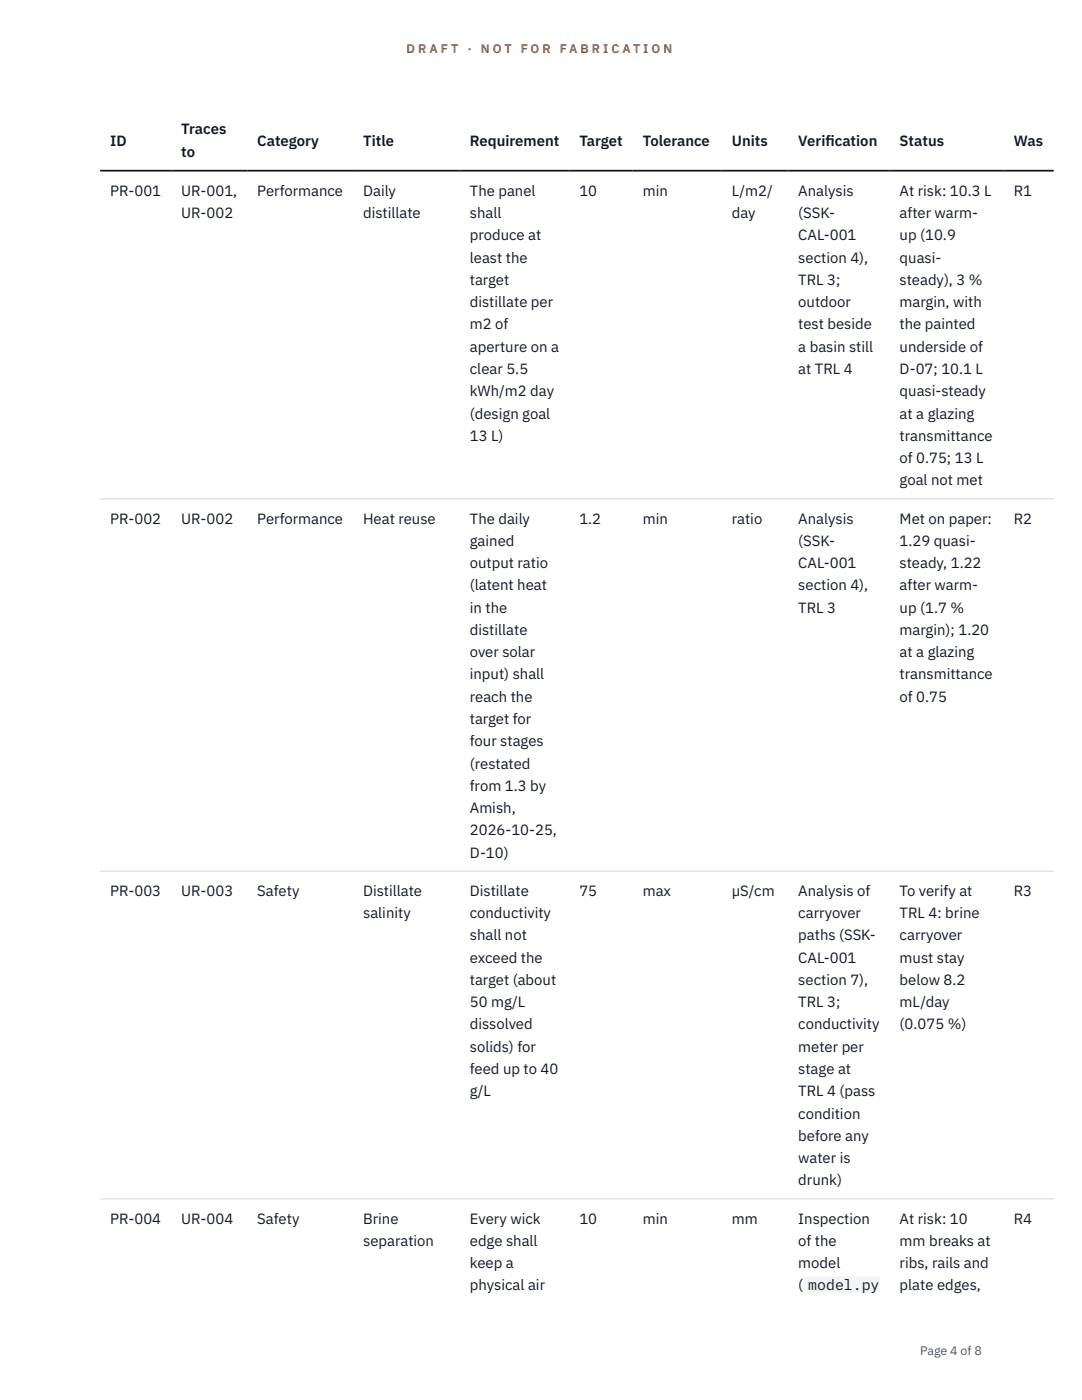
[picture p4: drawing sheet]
<svg xmlns="http://www.w3.org/2000/svg" width="216mm" height="279mm" viewBox="0 0 216 279" stroke-linecap="round" stroke-linejoin="round" font-family="sans-serif">
<defs><g id="words">
<g font-size="3" fill="#111827">
<text x="22" y="29.1">ID</text>
<text x="36.2" y="26.8">Traces</text>
<text x="51.3" y="29.1">Category</text>
<text x="72.5" y="29.1">Title</text>
<text x="93.8" y="29.1">Requirement</text>
<text x="115.6" y="29.1">Target</text>
<text x="128.2" y="29.1">Tolerance</text>
<text x="146" y="29.1">Units</text>
<text x="159.3" y="29.1">Verif</text>
<text x="164.7" y="29.1">ication</text>
<text x="179.5" y="29.1">Status</text>
<text x="202.3" y="29.1">Was</text>
<text x="36.2" y="31.3">to</text>
<text x="22" y="39.1">PR-001</text>
<text x="36.2" y="39.1">UR-001,</text>
<text x="51.3" y="39.1">Performance</text>
<text x="72.5" y="39.1">Daily</text>
<text x="93.8" y="39.1">The panel</text>
<text x="115.6" y="39.1">10</text>
<text x="128.2" y="39.1">min</text>
<text x="146" y="39.1">L/m2/</text>
<text x="159.3" y="39.1">Analysis</text>
<text x="179.5" y="39.1">At risk: 10.3 L</text>
<text x="202.3" y="39.1">R1</text>
<text x="36.2" y="43.5">UR-002</text>
<text x="72.5" y="43.5">distillate</text>
<text x="93.8" y="43.5">shall</text>
<text x="93.8" y="48">produce at</text>
<text x="146" y="43.5">day</text>
<text x="159.3" y="43.5">(SSK-</text>
<text x="159.3" y="48">CAL-001</text>
<text x="179.5" y="43.5">after warm-</text>
<text x="179.5" y="48">up (10.9</text>
<text x="93.8" y="52.4">least the</text>
<text x="159.3" y="52.4">section 4),</text>
<text x="179.5" y="52.4">quasi-</text>
<text x="93.8" y="56.9">target</text>
<text x="159.3" y="56.9">TRL 3;</text>
<text x="179.5" y="56.9">steady), 3 %</text>
<text x="93.8" y="61.3">distillate per</text>
<text x="93.8" y="65.7">m2 of</text>
<text x="159.3" y="61.3">outdoor</text>
<text x="159.3" y="65.7">test beside</text>
<text x="179.5" y="61.3">margin, with</text>
<text x="179.5" y="65.7">the painted</text>
<text x="93.8" y="70.2">aperture on a</text>
<text x="159.3" y="70.2">a basin still</text>
<text x="179.5" y="70.2">underside of</text>
<text x="93.8" y="74.6">clear 5.5</text>
<text x="159.3" y="74.6">at TRL 4</text>
<text x="179.5" y="74.6">D-07; 10.1 L</text>
<text x="93.8" y="79.1">kWh/m2 day</text>
<text x="93.8" y="83.5">(design goal</text>
<text x="179.5" y="79.1">quasi-steady</text>
<text x="179.5" y="83.5">at a glazing</text>
<text x="93.8" y="88">13 L)</text>
<text x="179.5" y="88">transmittance</text>
<text x="179.5" y="92.4">of 0.75; 13 L</text>
<text x="179.5" y="96.9">goal not met</text>
<text x="22" y="104.5">PR-002</text>
<text x="36.2" y="104.5">UR-002</text>
<text x="51.3" y="104.5">Performance</text>
<text x="72.5" y="104.5">Heat reuse</text>
<text x="93.8" y="104.5">The daily</text>
<text x="115.6" y="104.5">1.2</text>
<text x="128.2" y="104.5">min</text>
<text x="146" y="104.5">ratio</text>
<text x="159.3" y="104.5">Analysis</text>
<text x="179.5" y="104.5">Met on paper:</text>
<text x="202.3" y="104.5">R2</text>
<text x="93.8" y="108.9">gained</text>
<text x="93.8" y="113.4">output ratio</text>
<text x="159.3" y="108.9">(SSK-</text>
<text x="159.3" y="113.4">CAL-001</text>
<text x="179.5" y="108.9">1.29 quasi-</text>
<text x="179.5" y="113.4">steady, 1.22</text>
<text x="93.8" y="117.8">(latent heat</text>
<text x="159.3" y="117.8">section 4),</text>
<text x="179.5" y="117.8">after warm-</text>
<text x="93.8" y="122.3">in the</text>
<text x="159.3" y="122.3">TRL 3</text>
<text x="179.5" y="122.3">up (1.7 %</text>
<text x="93.8" y="126.7">distillate</text>
<text x="93.8" y="131.2">over solar</text>
<text x="179.5" y="126.7">margin); 1.20</text>
<text x="179.5" y="131.2">at a glazing</text>
<text x="93.8" y="135.6">input) shall</text>
<text x="179.5" y="135.6">transmittance</text>
<text x="93.8" y="140">reach the</text>
<text x="179.5" y="140">of 0.75</text>
<text x="93.8" y="144.5">target for</text>
<text x="93.8" y="148.9">four stages</text>
<text x="93.8" y="153.4">(restated</text>
<text x="93.8" y="157.8">from 1.3 by</text>
<text x="93.8" y="162.3">Amish,</text>
<text x="93.8" y="166.7">2026-10-25,</text>
<text x="93.8" y="171.2">D-10)</text>
<text x="22" y="178.8">PR-003</text>
<text x="36.2" y="178.8">UR-003</text>
<text x="51.3" y="178.8">Safety</text>
<text x="72.5" y="178.8">Distillate</text>
<text x="93.8" y="178.8">Distillate</text>
<text x="115.6" y="178.8">75</text>
<text x="128.2" y="178.8">max</text>
<text x="146" y="178.8">µS/cm</text>
<text x="159.3" y="178.8">Analysis of</text>
<text x="179.5" y="178.8">To verify at</text>
<text x="202.3" y="178.8">R3</text>
<text x="72.5" y="183.2">salinity</text>
<text x="93.8" y="183.2">conductivity</text>
<text x="159.3" y="183.2">carryover</text>
<text x="179.5" y="183.2">TRL 4: brine</text>
<text x="93.8" y="187.7">shall not</text>
<text x="159.3" y="187.7">paths (SSK-</text>
<text x="179.5" y="187.7">carryover</text>
<text x="93.8" y="192.1">exceed the</text>
<text x="93.8" y="196.6">target (about</text>
<text x="159.3" y="192.1">CAL-001</text>
<text x="159.3" y="196.6">section 7),</text>
<text x="179.5" y="192.1">must stay</text>
<text x="179.5" y="196.6">below 8.2</text>
<text x="93.8" y="201">50 mg/L</text>
<text x="159.3" y="201">TRL 3;</text>
<text x="179.5" y="201">mL/day</text>
<text x="93.8" y="205.4">dissolved</text>
<text x="93.8" y="209.9">solids) for</text>
<text x="159.3" y="205.4">conductivity</text>
<text x="159.3" y="209.9">meter per</text>
<text x="179.5" y="205.4">(0.075 %)</text>
<text x="93.8" y="214.3">feed up to 40</text>
<text x="159.3" y="214.3">stage at</text>
<text x="93.8" y="218.8">g/L</text>
<text x="159.3" y="218.8">TRL 4 (pass</text>
<text x="159.3" y="223.2">condition</text>
<text x="159.3" y="227.7">before any</text>
<text x="159.3" y="232.1">water is</text>
<text x="159.3" y="236.6">drunk)</text>
<text x="22" y="244.2">PR-004</text>
<text x="36.2" y="244.2">UR-004</text>
<text x="51.3" y="244.2">Safety</text>
<text x="72.5" y="244.2">Brine</text>
<text x="93.8" y="244.2">Every wick</text>
<text x="115.6" y="244.2">10</text>
<text x="128.2" y="244.2">min</text>
<text x="146" y="244.2">mm</text>
<text x="159.3" y="244.2">Inspection</text>
<text x="179.5" y="244.2">At risk: 10</text>
<text x="202.3" y="244.2">R4</text>
<text x="72.5" y="248.6">separation</text>
<text x="93.8" y="248.6">edge shall</text>
<text x="159.3" y="248.6">of the</text>
<text x="179.5" y="248.6">mm breaks at</text>
<text x="93.8" y="253.1">keep a</text>
<text x="93.8" y="257.5">physical air</text>
<text x="159.3" y="253.1">model</text>
<text x="159.3" y="257.5">(</text>
<text x="161.3" y="257.5">model.py</text>
<text x="179.5" y="253.1">ribs, rails and</text>
<text x="179.5" y="257.5">plate edges,</text>
</g>
<g font-size="2.5" fill="#b45309">
<text x="81.1" y="10.5">D R A F T</text>
<text x="93.3" y="10.5">·</text>
<text x="95.9" y="10.5">N O T</text>
<text x="103.9" y="10.5">F O R</text>
<text x="111.7" y="10.5">F A B R I C A T I O N</text>
</g>
<text font-size="2.5" fill="#4b5563" x="183.6" y="270.3">Page 4 of 8</text>
</g></defs>
<path d="M20 99.6h190.3M20 173.9h190.3M20 239.3h190.3" fill="none" stroke="#d1d5db" stroke-width=".2"/>
<path d="M20 34.1h190.3" fill="none" stroke="#111827" stroke-width=".35"/>
<path d="M160.3 254.7h15.2v3.4h-15.2z" fill="#f3f4f6"/>
<use href="#words"/>
</svg>

****************

> [Problem details]
Reproduce every line of the records containing the string "margin".

> [Exercise solution]
<text x="179.5" y="61.3">margin, with</text>
<text x="179.5" y="126.7">margin); 1.20</text>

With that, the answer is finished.